Fiction |

“Incandescent Obsolescence”

Incandescent Obsolescence

 

Yes, the ozone is gone and the FauxZone Shield cracked beyond repair, so most of us go out, if we go out at all, only in darkness. And, sure, to see an animal other than a digipet or the occasional, very expensive, boutique domestic, you must venture to either Sub-Saharan Antarctica or the floating enclosures of a CryoZoo.

But our life expectancies hover around 203. More than enough time for an average of four twenty-year marriages with a full gender array of spouses — organic and AI — with the final decades of our lives whiled away on the well-appointed Archipelago of the Old, wrinkle-free and comfortably numb: sedatives administered to blunt the pain of a body and brain finally giving in to their inevitable deterioration; metatives given to keep us focused on anything other than the actual.

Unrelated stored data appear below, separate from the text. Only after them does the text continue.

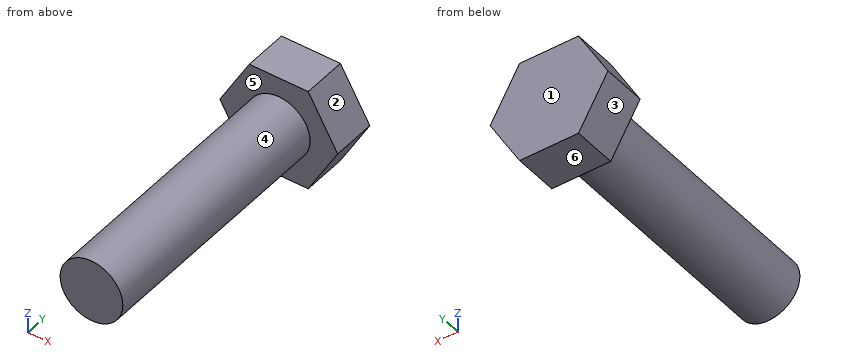
from build123d import *

# Parameters (mm, degrees)
BOSS_EXTRUDE1_DEPTH = 5.5
BOSS_EXTRUDE2_START = -32
SKETCH2_R           = 3.9
BOSS_EXTRUDE2_DEPTH = 32


with BuildPart() as part:
    # Sketch1 → Boss-Extrude1 (new body)
    with BuildSketch(Plane(origin=(0, 0, 0), x_dir=(1, 0, 0), z_dir=(0, 1, 0))):
        Polygon((7.332348419, 0), (3.666174209, 6.35), (-3.666174209, 6.35), (-7.332348419, 0), (-3.666174209, -6.35), (3.666174209, -6.35), align=None)
    extrude(amount=BOSS_EXTRUDE1_DEPTH)

    # Sketch2 → Boss-Extrude2 (add)
    with BuildSketch(Plane(origin=(0, 0, 0), x_dir=(1, 0, 0), z_dir=(0, 1, 0)).offset(BOSS_EXTRUDE2_START)):
        with Locations(Location((0, 0, 0), (0, 0, 270))):
            Circle(SKETCH2_R)
    extrude(amount=BOSS_EXTRUDE2_DEPTH)


solid = part.part
Here's how the part is built. I have some questions about the finished solid (model axes, mm). Face numbers are marked on the shaded views. A direction names the side the tool comes from. Give positions to 0.01 mm unless a question says otherwise; leave off trailing zeros. Order: outer loops, then holes, each group sorted by start corner. A loop starts at its lowest first (then second) coordinate and runs counter-clockwise, first axis right, second up. Notation, with made-up numbers: (60, 72) -> (67, 72) arc R9 ccw to (67, 86) -> close; hole circle Ø8 at (5.5, 82). An arc over 180 degrees is marked (long way). Use a Markdown table: item, result. Add a question column.
Item 1: Imagine slicing it at A-A on x = 0. Please give me the cut outline in (y, z).
Item 2: Imagine slicing it at B-B on z = -1.75. Please give me the cut outline in (x, y).
Item 3: I need wall thicknesses on line 1 (Y direction, x = 3.75, z = -5.75); line 2 (X direction, y = -29.5, z = 1.25). Which ranges of each line are inside material? Lowest first, please.
Item 4: Will these pins go through, and if not, where does the flat tip stop? pin 1 (2 mm diameter, centred on x = 5.5, y = -4.5, fed in from -Z); pin 2 (6 mm diameter, centred on x = -5, y = -15.5, fed in from +Z).
Item 5: Imagine slicing it at D-D on y = -24.5. Please give me the cut outline in (x, z).
Item 6: If we mould it in two halves opening along X, with no side actions, what happens to the marked faces 1, 2, 3 and 4? For each: pulls with the +X half, pulls with the -X half, needs draft (parallel to the pull), parting line crosses it, or undercut.
Item 7: Imagine slicing it at C-C on y = 1. Please give me the cut outline in (x, z).
Item 8: For the marked faces 5 and 6, which set-ups out of +Z, -Z, +X, -X, +Y, -Y let a thin tool reach every point of the face, with its end or its side?
Data:
| question | item | result |
|---|---|---|
| 1 | outline | (-32, -3.9) -> (0, -3.9) -> (0, -6.35) -> (5.5, -6.35) -> (5.5, 6.35) -> (0, 6.35) -> (0, 3.9) -> (-32, 3.9) -> close |
| 2 | outline | (-6.32, 0) -> (-3.49, 0) -> (-3.49, -32) -> (3.49, -32) -> (3.49, 0) -> (6.32, 0) -> (6.32, 5.5) -> (-6.32, 5.5) -> close |
| 3 | line 1 | y = 0 to 5.5 |
| 3 | line 2 | x = -3.69 to 3.69 |
| 4 | pin 1 | passes through |
| 4 | pin 2 | stops at z = 3.35 |
| 5 | outline | circle Ø7.8 at (0, 0) |
| 6 | face 1 | needs draft |
| 6 | face 2 | pulls with the +X half |
| 6 | face 3 | pulls with the -X half |
| 6 | face 4 | parting line crosses it |
| 7 | outline | (-7.33, 0) -> (-3.67, -6.35) -> (3.67, -6.35) -> (7.33, 0) -> (3.67, 6.35) -> (-3.67, 6.35) -> close |
| 8 | face 5 | -Y |
| 8 | face 6 | -Z, +X, -X, +Y, -Y |

Most people can’t remember anything different. Most are happy to take their pleasures — real and more often virtual — where they find them.

“Isn’t real pleasure, though” the soapbox philosophers insist, “in knowing pleasure can’t last?”

But before we can even conjure the words to name them, our devices sense and fulfill even our most latent desires, silencing such questions before they have time to form and fester.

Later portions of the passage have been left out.